Ermal Hajdari

Personal information
- Date of birth: 4 December 1992 (age 33)
- Place of birth: Sweden
- Height: 1.78 m (5 ft 10 in)
- Positions: Winger; striker;

Team information
- Current team: Levanger FK
- Number: 7

Youth career
- 2014: Nike Academy

Senior career*
- Years: Team / Apps / (Gls)
- 2011–2013: Kristianstads FF / 13 / (2)
- 2015: FCI Tallinn / 26 / (6)
- 2016: Nosaby IF / 12 / (3)
- 2016–2017: Tasman United / 18 / (4)
- 2017: Whitehawk FC / 7 / (0)
- 2018–2019: Levanger FK / 50 / (8)
- 2020: Egersunds IK / 18 / (8)
- 2021: Arendal Fotball / 24 / (5)
- 2022–: Levanger FK / 87 / (11)

= Ermal Hajdari =

Swedish footballer (born 1992)

Ermal Hajdari (born 4 December 1992) is a Swedish footballer who plays as a winger or striker for Levanger FK.

==Early life==

Hajdari was born in 1992 in Sweden.

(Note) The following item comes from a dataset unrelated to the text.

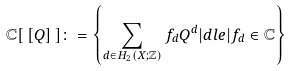<formula> <loc_0><loc_0><loc_500><loc_500>\mathbb { C } [ \, [ Q ] \, ] \colon = \left \{ \sum _ { d \in H _ { 2 } ( X ; \mathbb { Z } ) } f _ { d } Q ^ { d } | d l e | f _ { d } \in \mathbb { C } \right \}</formula>

He participated in Swedish television program Proffsdrömmen. He is of Kosovan descent.

==Career==

In 2015, Hajdari signed for Estonian side FCI Tallinn. He helped the club achieve qualify for the UEFA Europa League. In 2016, he signed for New Zealand side Tasman United. He was described as "after... three rounds... already clear... [he] will be... [the club's] biggest threat on attack".

==Style of play==

Hajdari mainly operates as a winger or striker. He is known for his passing ability.

==Personal life==

Hajdari grew up in Kristianstad, Sweden. He has regarded Sweden international Zlatan Ibrahimovic as his football idol.